Data items
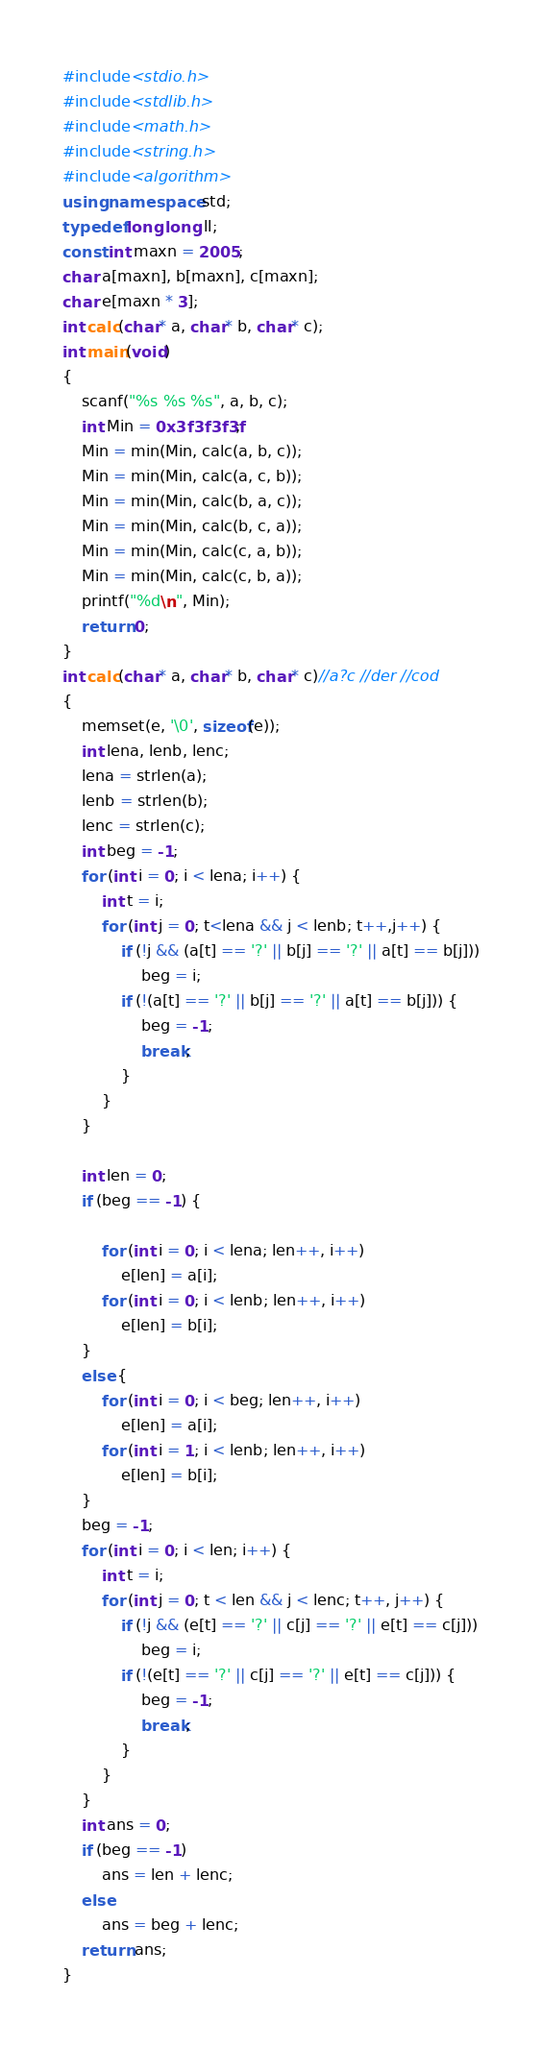<code> <loc_0><loc_0><loc_500><loc_500><_C++_>#include<stdio.h>
#include<stdlib.h>
#include<math.h>
#include<string.h>
#include<algorithm>
using namespace std;
typedef long long ll;
const int maxn = 2005;
char a[maxn], b[maxn], c[maxn];
char e[maxn * 3];
int calc(char* a, char* b, char* c);
int main(void)
{
	scanf("%s %s %s", a, b, c);
	int Min = 0x3f3f3f3f;
	Min = min(Min, calc(a, b, c));
	Min = min(Min, calc(a, c, b));
	Min = min(Min, calc(b, a, c));
	Min = min(Min, calc(b, c, a));
	Min = min(Min, calc(c, a, b));
	Min = min(Min, calc(c, b, a));
	printf("%d\n", Min);
	return 0;
}
int calc(char* a, char* b, char* c)//a?c //der //cod
{
	memset(e, '\0', sizeof(e));
	int lena, lenb, lenc;
	lena = strlen(a);
	lenb = strlen(b);
	lenc = strlen(c);
	int beg = -1;
	for (int i = 0; i < lena; i++) {
		int t = i;
		for (int j = 0; t<lena && j < lenb; t++,j++) {
			if (!j && (a[t] == '?' || b[j] == '?' || a[t] == b[j]))
				beg = i;
			if (!(a[t] == '?' || b[j] == '?' || a[t] == b[j])) {
				beg = -1;
				break;
			}
		}
	}

	int len = 0;
	if (beg == -1) {

		for (int i = 0; i < lena; len++, i++)
			e[len] = a[i];
		for (int i = 0; i < lenb; len++, i++)
			e[len] = b[i];
	}
	else {
		for (int i = 0; i < beg; len++, i++)
			e[len] = a[i];
		for (int i = 1; i < lenb; len++, i++)
			e[len] = b[i];
	}
	beg = -1;
	for (int i = 0; i < len; i++) {
		int t = i;
		for (int j = 0; t < len && j < lenc; t++, j++) {
			if (!j && (e[t] == '?' || c[j] == '?' || e[t] == c[j]))
				beg = i;
			if (!(e[t] == '?' || c[j] == '?' || e[t] == c[j])) {
				beg = -1;
				break;
			}
		}
	}
	int ans = 0;
	if (beg == -1)
		ans = len + lenc;
	else
		ans = beg + lenc;
	return ans;
}</code> 
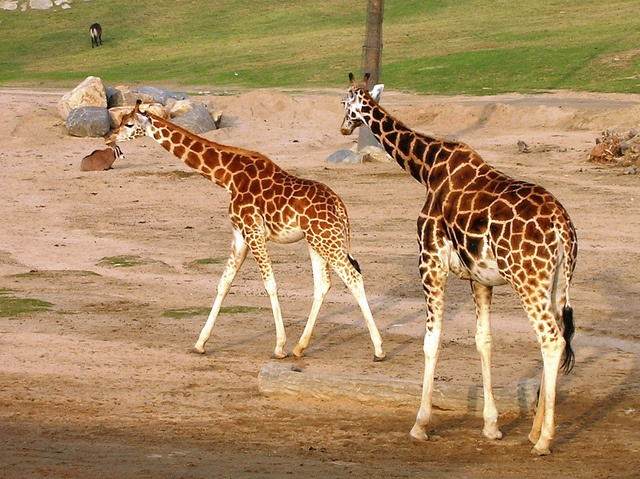Describe the objects in this image and their specific colors. I can see giraffe in gray, maroon, tan, and brown tones and giraffe in gray, maroon, beige, brown, and tan tones in this image. 
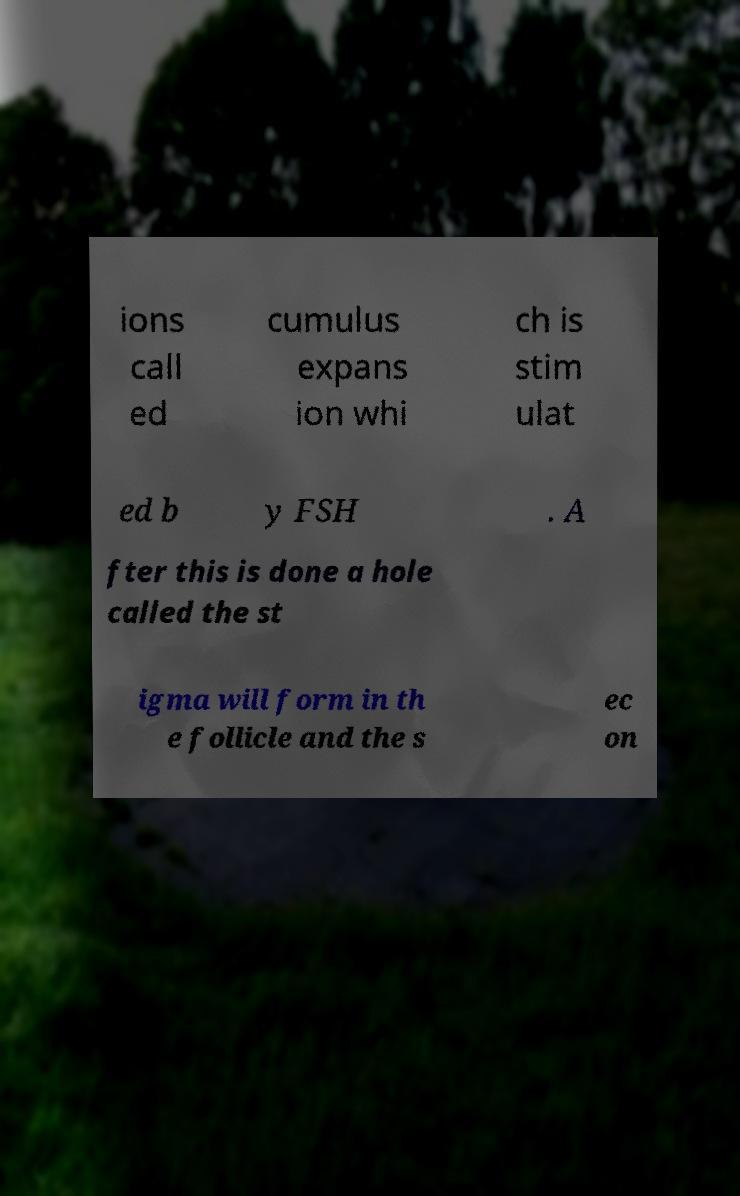Can you read and provide the text displayed in the image?This photo seems to have some interesting text. Can you extract and type it out for me? ions call ed cumulus expans ion whi ch is stim ulat ed b y FSH . A fter this is done a hole called the st igma will form in th e follicle and the s ec on 
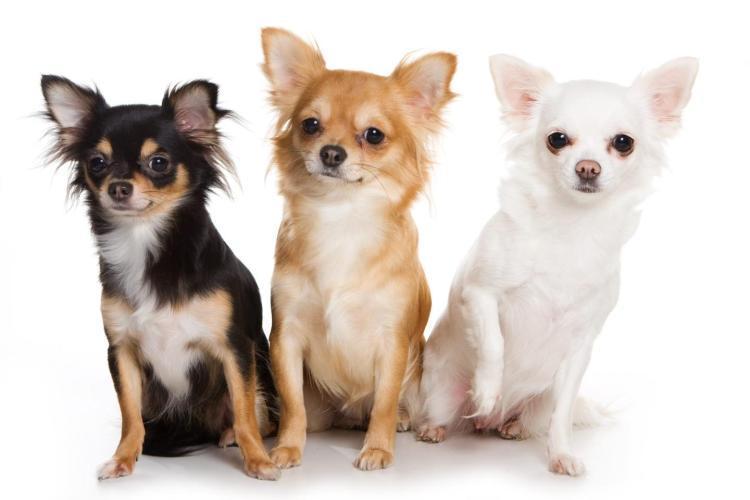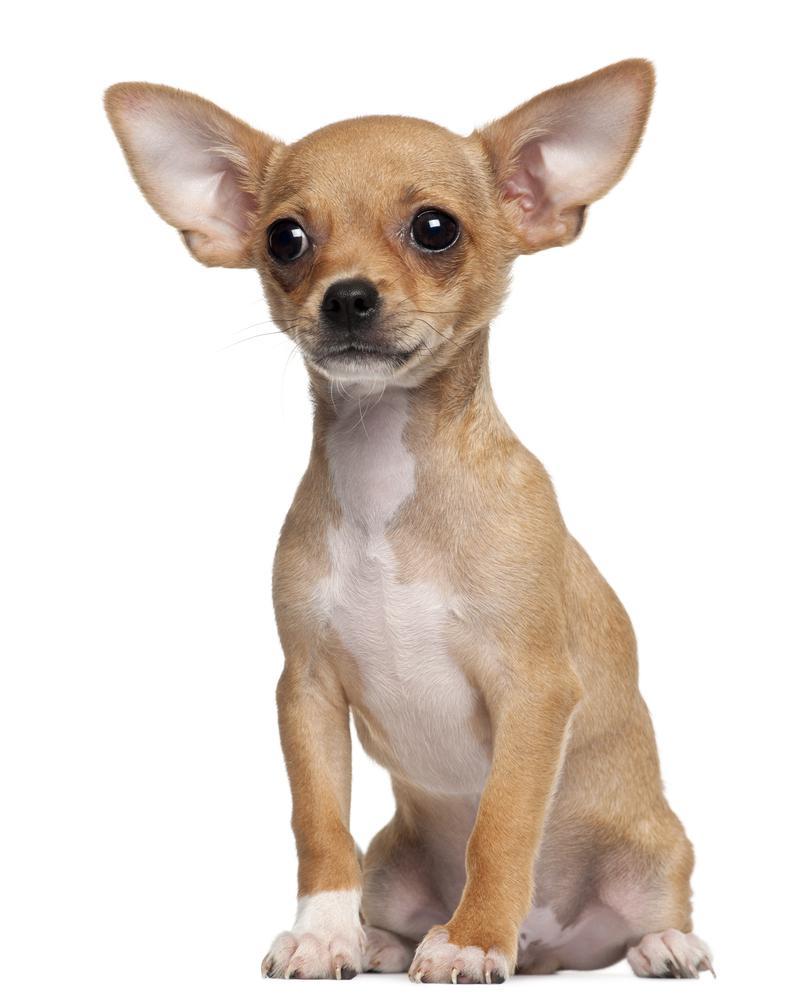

*Work task*. Which lines in the records contain the word "lena"? Copy each one.

*Answer for this exercise*.
	int lena, lenb, lenc;
	lena = strlen(a);
	for (int i = 0; i < lena; i++) {
		for (int j = 0; t<lena && j < lenb; t++,j++) {
		for (int i = 0; i < lena; len++, i++)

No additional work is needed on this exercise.